◆ Assignment ◆
An exact transcription of all the records, free of pictures, is the expected answer.

════════════════════

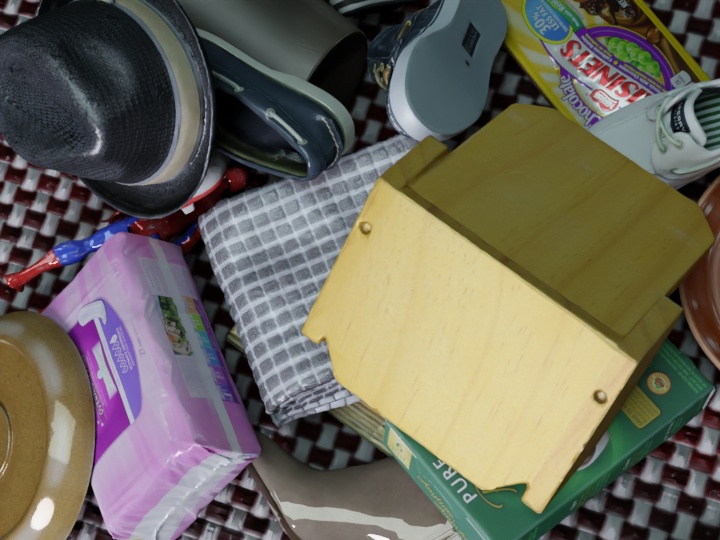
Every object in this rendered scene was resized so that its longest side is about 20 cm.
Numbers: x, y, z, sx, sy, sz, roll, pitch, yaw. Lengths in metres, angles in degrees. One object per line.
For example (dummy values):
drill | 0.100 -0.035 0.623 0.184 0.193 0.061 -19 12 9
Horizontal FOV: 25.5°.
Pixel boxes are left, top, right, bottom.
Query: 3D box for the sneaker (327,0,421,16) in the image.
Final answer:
sneaker | 0.014 -0.270 1.246 0.076 0.115 0.201 -7 38 41

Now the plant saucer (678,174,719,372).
plant saucer | 0.322 0.003 1.101 0.200 0.032 0.201 -4 73 15

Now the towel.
towel | 0.000 0.000 1.140 0.200 0.086 0.166 -22 69 -4

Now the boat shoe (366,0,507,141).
boat shoe | 0.042 -0.136 1.145 0.091 0.200 0.071 -28 109 33

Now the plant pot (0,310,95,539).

════════════════════

◆ Response area ◆
Every object in this rendered scene was resized so that its longest side is about 20 cm.
Numbers: x, y, z, sx, sy, sz, roll, pitch, yaw. Lengths in metres, angles in degrees. One object per line.
For example (dummy values):
drill | 0.100 -0.035 0.623 0.184 0.193 0.061 -19 12 9
Horizontal FOV: 25.5°.
Pixel boxes are left, top, right, bottom.
Query: 3D box for the sneaker (327,0,421,16) in the image.
Final answer:
sneaker | 0.014 -0.270 1.246 0.076 0.115 0.201 -7 38 41

Now the plant saucer (678,174,719,372).
plant saucer | 0.322 0.003 1.101 0.200 0.032 0.201 -4 73 15

Now the towel.
towel | 0.000 0.000 1.140 0.200 0.086 0.166 -22 69 -4

Now the boat shoe (366,0,507,141).
boat shoe | 0.042 -0.136 1.145 0.091 0.200 0.071 -28 109 33

Now the plant pot (0,310,95,539).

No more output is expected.